ClickHouse Web UI Output Forms

One table that stands out is log_stream, which contains tables with theHighly sensitive dataof a large number of logs.

The log_stream table containsOver 1 million log entriesThe first is that it contains columns that are particularly revealing:

timestamp - the date of the log from January 6, 2025commencement
span_name - references various internal DeepSeek API Endpoint
string.values - Plain text logIncludeschat log,API keys, backend details and operational metadata
_service - indicates which DeepSeek ServicesLogs are generated
_source - exposureSource of the log requestContainsChat logs, API keys, directory structure and chatbot metadata logs

This level of access poses a serious risk to DeepSeek's own security and that of its end users. Not only can an attacker retrieve sensitive logs and actual plain text chat messages, but they can also use queries such as SELECT * FROM file('filename') to extract plain text passwords and local files as well as proprietary information directly from the server, depending on their ClickHouse configuration.

(Note: we did not perform intrusive queries beyond the scope of the enumeration to maintain ethical research practices.)

Key takeaways

The rapid adoption of AI services without appropriate security measures is inherently risky. This exposure highlights the fact that the direct security risks of AI applications stem from the infrastructure and tools that support them.

While much of the attention around AI security has focused on future threats, the real danger often comes from fundamental risks - such as accidental external database exposure. These risks are the foundation of security and should remain a top priority for security teams.
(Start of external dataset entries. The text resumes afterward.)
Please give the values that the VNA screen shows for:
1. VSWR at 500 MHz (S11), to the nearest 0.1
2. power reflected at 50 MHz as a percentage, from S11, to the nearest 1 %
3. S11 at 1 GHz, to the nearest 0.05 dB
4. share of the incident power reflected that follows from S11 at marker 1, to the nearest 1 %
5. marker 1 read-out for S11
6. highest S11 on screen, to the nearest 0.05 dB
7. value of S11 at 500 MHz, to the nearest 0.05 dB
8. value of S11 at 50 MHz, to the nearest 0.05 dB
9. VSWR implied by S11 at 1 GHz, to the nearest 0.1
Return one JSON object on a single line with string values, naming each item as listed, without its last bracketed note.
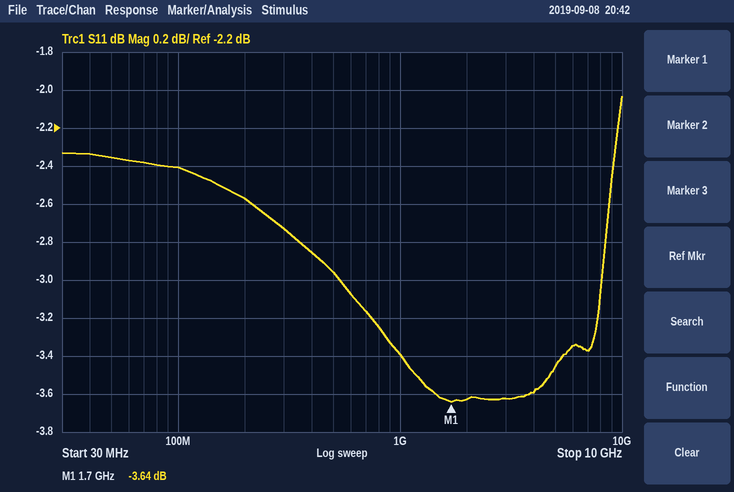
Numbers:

As organizations race to adopt AI tools and services from a growing number of startups and providers, it's important to remember that by doing so, we're entrusting sensitive data to these companies. The rapid pace of adoption often leads to a neglect of security, but protecting customer data must remain a top priority. Security teams must work closely with AI engineers to ensure visibility into the architecture, tools and models used so that we can protect data and prevent exposure.

reach a verdict

The world has never seen a technology adopted at such a pace as AI. Many AI companies have rapidly evolved into critical infrastructure providers without the security frameworks that typically accompany such widespread adoption. As AI becomes more deeply integrated into enterprises globally, the industry must recognize the risks of handling sensitive data and enforce security practices comparable to those required by public cloud providers and major infrastructure providers.